ANN MALLORY, the wife of JOSEPH CARTER-5, was apparently the daughter of JOHN MALLORY, Sr., born about 1735 to 1745. When JOHN died about November, 1795, he left a will in Caswell County, North Carolina, mentioning some of his children, which included Stephen, who had been married at the same time as ANN and JOSEPH CARTER in a double ceremony December 18, 1790.
of John Mallory-1
James Mallory-2 [Kendall, Caswell County, NC, Deeds, pg 218.]
John Mallory-2 [Kendall, Caswell County, NC, Deeds, pg 218.]
Henry Mallory-2, of Orange County, North Carolina [Kendall, Caswell County, NC, Deeds, pg 218.]

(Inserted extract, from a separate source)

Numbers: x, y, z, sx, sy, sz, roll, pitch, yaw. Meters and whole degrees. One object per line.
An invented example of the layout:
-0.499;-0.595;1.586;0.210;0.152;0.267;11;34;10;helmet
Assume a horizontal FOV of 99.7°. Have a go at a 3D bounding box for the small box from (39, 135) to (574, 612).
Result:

Dianah Mallory-2, who married JOSEPH CARTER’s-5 brother, Theodorick Carter-5.
ANN MALLORY-2, probable daughter
At the estate sale for JOHN’s estate, some of his children were mentioned as buyers and were there. ANN was not mentioned as a buyer, but JOSEPH CARTER-5 and Theodorick Carter-5 were mentioned, but not his wife, Dianah. This is the only circumstantial proof that we have that ANN MALLORY was probably the daughter of this JOHN MALLORY, Sr. The author thinks this is probably the best evidence we will uncover, unless some serious research is undertaken in the original records, coupled with some genealogical good luck .

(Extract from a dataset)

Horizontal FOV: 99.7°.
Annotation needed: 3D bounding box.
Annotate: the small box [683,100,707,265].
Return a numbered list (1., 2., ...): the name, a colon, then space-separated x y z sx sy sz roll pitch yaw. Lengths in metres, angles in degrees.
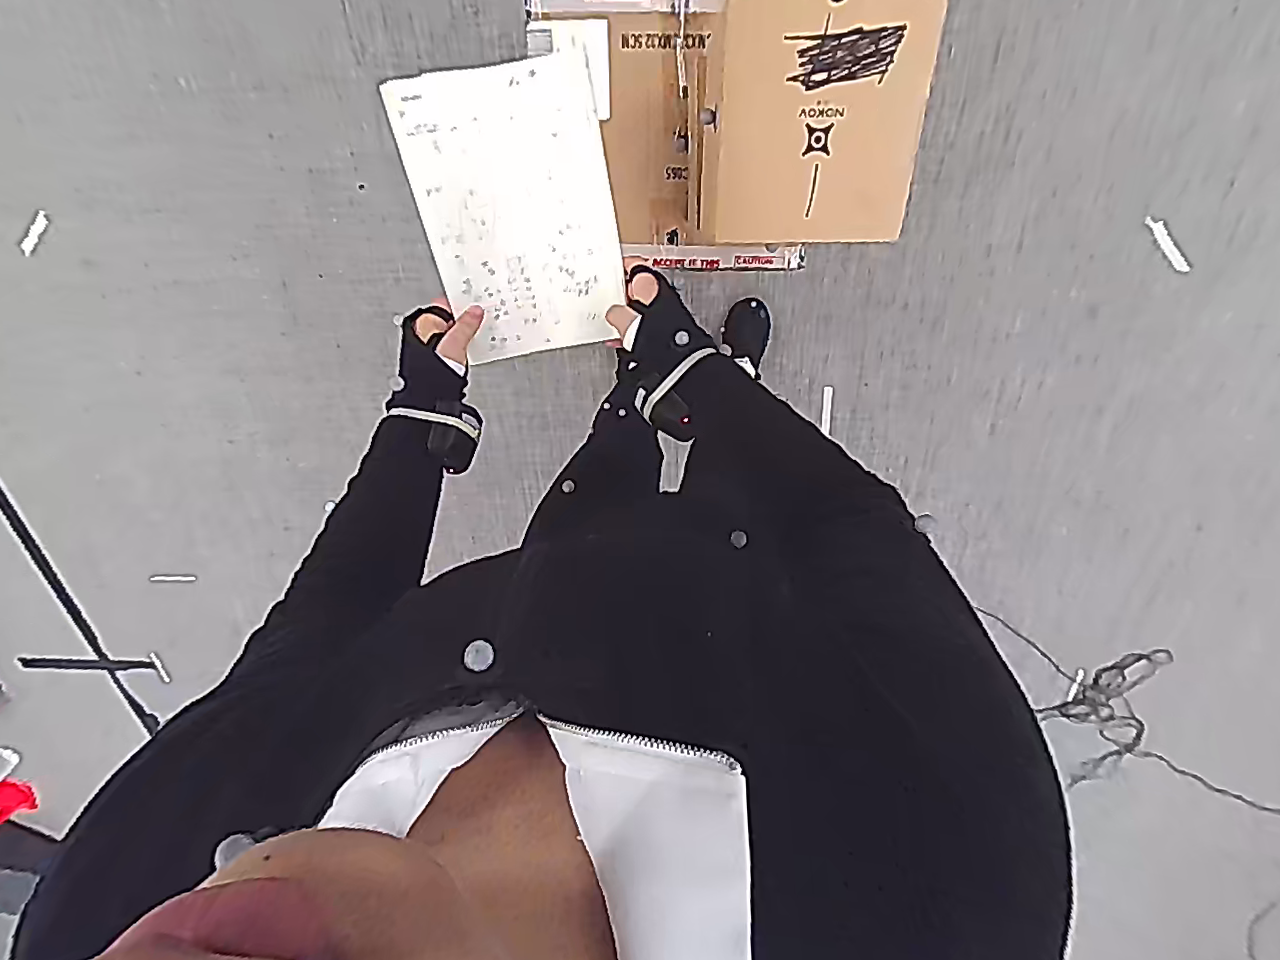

It is not unusual for a daughter not to be mentioned in her father’s will if she had already received her marriage portion from his estate. Even if married, daughters did share in the division of the estate at the death of their father, it was not unusual for their given names to never be mentioned, but only their husband’s, who received their portion of the estate from their parent. Many years later, when JOSEPH and ANN’s estates were settled in Tennessee, there were several slaves that were mentioned in JOSEPH’s will and estate as if he owned them outright, but were actually ANN’s estate. This is most likely due to the property laws concerning married women. Slaves that came to the hands of a woman’s husband through his marriage to her were usually under the control of her husband, as if he owned them outright. ANN owning or inheriting slaves would indicate that she came from a reasonably substantial family. This would be in keeping with JOHN MALLORY as her father.

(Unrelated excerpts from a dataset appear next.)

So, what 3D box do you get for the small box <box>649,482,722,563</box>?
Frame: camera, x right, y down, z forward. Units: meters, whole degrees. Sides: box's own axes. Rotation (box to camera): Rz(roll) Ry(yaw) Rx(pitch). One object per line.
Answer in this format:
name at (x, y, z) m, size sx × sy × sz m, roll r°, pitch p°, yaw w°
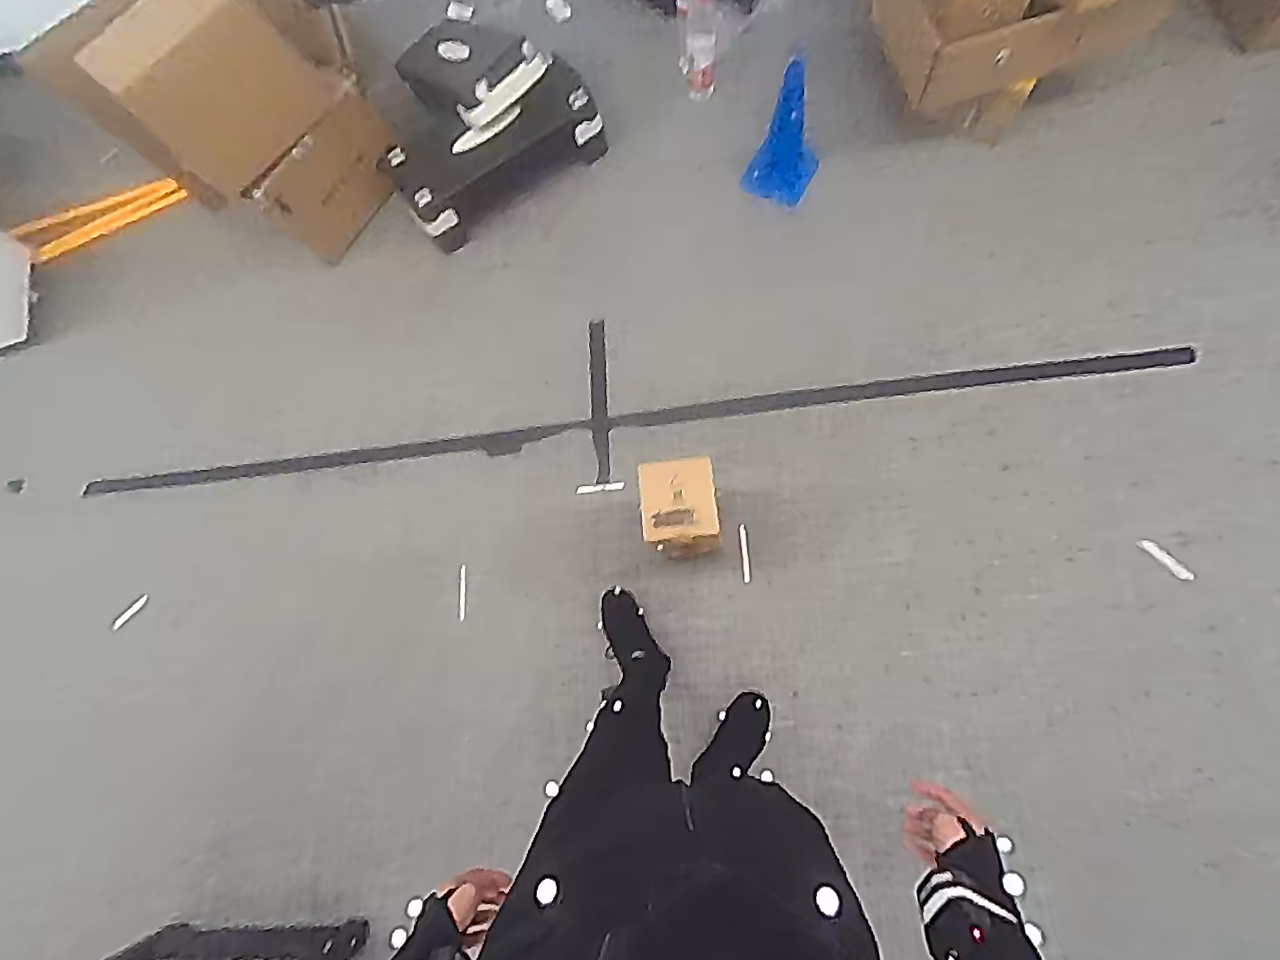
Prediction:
small box at (0.121, 0.117, 1.421) m, size 0.168 × 0.176 × 0.179 m, roll -9°, pitch 76°, yaw 6°

Since Caswell County, formerly part of Orange County, wasn’t settled until at least 1750-1775 we can assume that JOHN MALLORY came there from elsewhere. The earliest known [partial] tax record dates from 1759. It does not contain the name of JOHN MALLORY. Virginia is a likely area for him to have moved from. There are several prominent Mallory families in Virginia, descended from Christopher Mallory of England. Memoir of the Lords of Studley by Wallran gives their history. Whether our JOHN is from this group is unknown, but is probably very likely.
JOHN MALLORY was a member of the upper-class financially in his time and place of residence. He was a planter, but not one of the very wealthiest of that class; however, he left a substantial estate to his children.